吴阿姨笑了:“那多好啊!说明你说得好!”
她拍了拍徽生曦的肩膀:“继续练,慢慢就会了。”
她走了,徽生曦坐在院子里,看着夕阳。
师父在厨房做饭,炊烟袅袅升起,和夕阳的光混在一起,温暖而宁静。
徽生曦坐在石凳上,手腕上的红绳在夕阳下泛着柔和的光。
那颗刻着“安”字的木珠子,贴着她的脉搏。
平安。
安好。
她想,今天很安好。
她说了话,得到了夸奖。
虽然只是简单的词,虽然只是平常的夸奖。
但对她来说,是进步。
是她在学习如何在这个世界,和人交流。
就像学写字,学画画,学做茶一样。
一步一步来。
晚饭时,她吃得比平时香。
师父看了她一眼,没说话,但眼神柔和了些。
吃完饭,她主动收拾碗筷,洗得干干净净。
然后她坐在堂屋门口,看着夜色慢慢降临。
“师父。”她忽然开口。
“嗯?”
“我今天……”她顿了顿,“说‘慢走’了。”
徽生扶砚看向她。
“刘奶奶说……我懂事。
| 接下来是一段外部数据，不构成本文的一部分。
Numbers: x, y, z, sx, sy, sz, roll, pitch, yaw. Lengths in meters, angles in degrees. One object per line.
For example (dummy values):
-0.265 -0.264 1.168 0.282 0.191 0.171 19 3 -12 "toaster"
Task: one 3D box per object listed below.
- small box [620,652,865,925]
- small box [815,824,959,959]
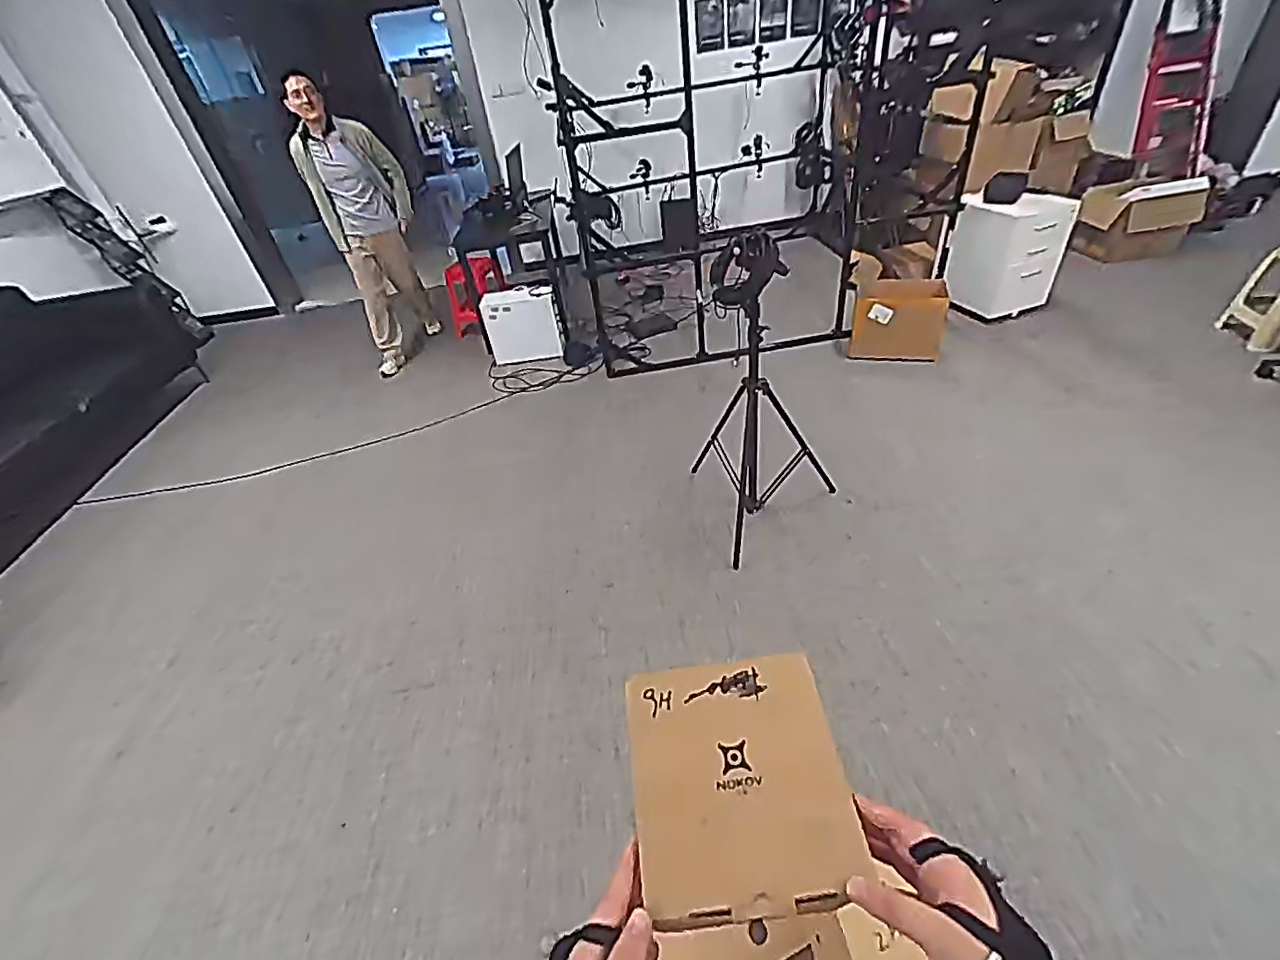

”她说得很慢,但很清晰。
徽生扶砚沉默了下,然后点头:“嗯,很好。”
只是简单的三个字,但徽生曦听了,心里涌起一股暖流。
那暖流从心里蔓延到四肢,蔓延到脸上。
她感觉自己的嘴角在往上翘。
她控制不住。
然后,她笑了。
不是那种练习时勉强扯出的弧度,而是真正的、发自内心的笑。
虽然很浅,虽然很快又消失了。
但确实是笑了。
徽生扶砚看着她,眼神深了些。
他记得,在修仙界十五年,曦曦很少笑。只有在突破境界时,或者炼出好丹时,才会偶尔露出一点笑意。
但那种笑,更像是完成任务后的放松。
不像现在这样,纯粹因为被肯定而开心。
“很好。”他又说了一次。
徽生曦低下头,手指轻轻摩挲着手腕上的木珠子。
“安”字的刻痕,在指尖下清晰可辨。
平安。
安好。
一切都好。
夜色完全降临,星星一颗一颗亮起来。
小镇的灯火,温暖地亮着。
徽生曦坐在门口,听着远处隐约的电视声、说话声、狗叫声。
这个世界的声音。
她曾经害怕的声音。
现在,她慢慢在习惯。
慢慢在学习,如何融入这些声音里。
如何用自己的声音,回应这些声音。
虽然还只是简单的词。
虽然还只是小声地说。
但她在学。
在进步。
她想,这样很好。
就像师父说的,慢慢来。
总有一天,她能像吴阿姨那样,自然地和客人说话。
总有一天,她能像周晓晓那样,轻松地和朋友聊天。
总有一天,她能真正理解,语言不只是信息的传递,更是情感的连接。
而今天,是一个开始。
一个微小的、但真实的开始。
她站起身,走进堂屋。
那面镜子还在那里,她看了一眼镜子里的自己。
然后她轻声说:“欢迎。”
“慢走。”
声音轻柔,但坚定。
说完,她转身,走向自己的房间。
临睡前,她又摸了摸手腕上的红绳。
平安。
她想,明天也会是平安的一天。
而她,会继续学习。
继续进步。
一点一点地,在这个温暖的小镇,找到自己的声音。
第30章 生活节奏
一个月的时间,像流水一样从指缝间淌过去。
青石镇的春天完全舒展开来,山上的花开得愈发烂漫,后山的金银花和菊花一茬接一茬地长,仿佛永远采不完。
清晨五点半,天刚蒙蒙亮,徽生扶砚就背着竹篓出门了。
曦曦醒来时,院子里已经摆着两个装满新鲜花朵的竹篓。露水还沾在花瓣上,在晨光里闪闪发亮。
她穿好衣服,赤脚走到院子里。
深吸一口气,空气中满是花朵的清香和草叶的湿气。她蹲下身,开始一天的第一项工作——筛选。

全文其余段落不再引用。